Product: z₁z₂ = r₁r₂[cos(θ₁ + θ₂) + i sin(θ₁ + θ₂)]
Quotient: z₁/z₂ = (r₁/r₂)[cos(θ₁ – θ₂) + i sin(θ₁ – θ₂)]
DeMoivre’s Theorem (Powers): zⁿ = rⁿ[cos(nθ) + i sin(nθ)]
Complex Roots: z_k = ⁿ√r [cos((θ + 2πk)/n) + i sin((θ + 2πk)/n)] for k = 0, 1, …, n-1.

Vector Operations

Unit Vectors: i (positive x-axis) and j (positive y-axis).

Rectangular Form: v = ai + bj. Magnitude ||v|| = √(a² + b²).

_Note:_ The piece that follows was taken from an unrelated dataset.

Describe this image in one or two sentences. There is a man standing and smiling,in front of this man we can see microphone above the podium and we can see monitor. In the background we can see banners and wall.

Equality: Vectors are equal if they have the same magnitude and direction.
Scalar Multiplication: kv = (ka)i + (kb)j.
Direction: v = ||v||cos(θ)i + ||v||sin(θ)j.
Unit Vector in Direction of v: u = v/||v||.

Trigonometric Identities

Product-to-Sum and Sum-to-Product

sin(a)sin(b) = (1/2)[cos(a – b) – cos(a + b)]
cos(a)cos(b) = (1/2)[cos(a – b) + cos(a + b)]
sin(a) + sin(b) = 2sin[(a + b)/2]cos[(a – b)/2]
cos(a) – cos(b) = -2sin[(a + b)/2]sin[(a – b)/2]

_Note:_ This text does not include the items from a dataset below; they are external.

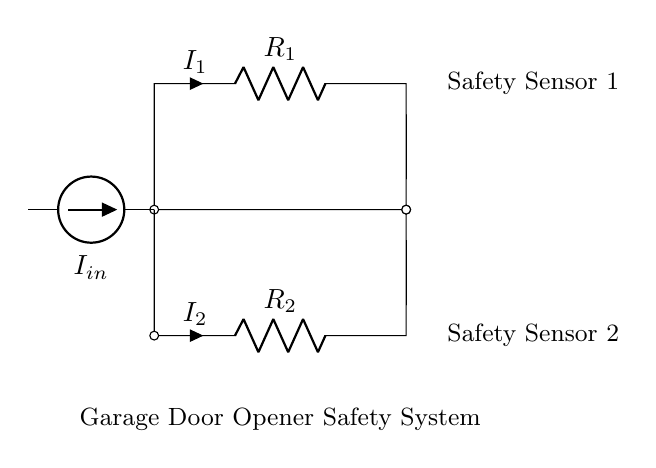What are the resistances in this circuit? The circuit diagram shows two resistors labeled R1 and R2. These resistances are the components of the current divider, determining the current through each path.
Answer: R1, R2 What is the purpose of the current source in this circuit? The current source labeled Iin provides a constant input current to the circuit. This current is divided between the two branches (R1 and R2) based on their resistances.
Answer: To supply input current How does the current divide between R1 and R2? In a current divider, the total input current (Iin) divides inversely proportional to the resistance values. The higher the resistance, the lower the current through that resistor. The formula I2 = Iin * (R1 / (R1 + R2)) can be used to find the current through R2.
Answer: Inversely proportional to resistance What is the relationship between I1 and I2? According to the rules of a current divider, the currents I1 and I2 will add up to the total input current Iin. Mathematically, Iin = I1 + I2. This shows that as one current increases, the other decreases if Iin is constant.
Answer: Iin = I1 + I2 What would happen if one safety sensor fails? If one of the resistors (safety sensors) fails, the current through the other sensor would increase significantly, possibly leading to a fault or failure of that sensor. In practice, the circuit might shut down to avoid damage.
Answer: Increased current and potential failure What role do the safety sensors play in this circuit? The safety sensors (R1 and R2) are crucial in the garage door opener system. They help detect obstructions, allowing the door to reverse if necessary. If one sensor detects an obstruction, the circuit reacts to prevent the door from closing.
Answer: Detect obstructions

Half-Angle and Double-Angle

sin(a/2) = ±√[(1 – cos(a))/2]
sin(2θ) = 2sin(θ)cos(θ)
cos(2θ) = cos²(θ) – sin²(θ) = 2cos²(θ) – 1 = 1 – 2sin²(θ)
tan(2θ) = (2tan(θ))/(1 – tan²(θ))

Quadratic Relations and Conic Sections

General form: Ax² + Bxy + Cy² + Dx + Ey + F = 0

Classification (B = 0)

Circle: A = C
Ellipse: A and C have the same sign, A ≠ C
Parabola: A or C is zero
Hyperbola: A and C have different signs

Classification (B ≠ 0) using Discriminant (B² – 4AC)

Ellipse: Discriminant < 0
Hyperbola: Discriminant > 0
Parabola: Discriminant = 0

Advanced Practice Problems

Solving Equations: sin(2x) + cos(x) = 0 for 0 ≤ x < 2π. Solutions: π/2, 3π/2, 7π/6, 11π/6.
Multiple Angles: Express cos(3θ) as cos³(θ) – 3sin²(θ)cos(θ).
Tower Height: Two people 1100 feet apart observe a tower at angles 34° and 43.39°. Using the Law of Sines, the height is approximately 433 feet.
Heron’s Formula Application: A triangular lot (320′ x 510′ x 410′) at $4.50/sq ft costs approximately $294,968.
Inverse Composition: sec(cos^-1(1/x)) = x.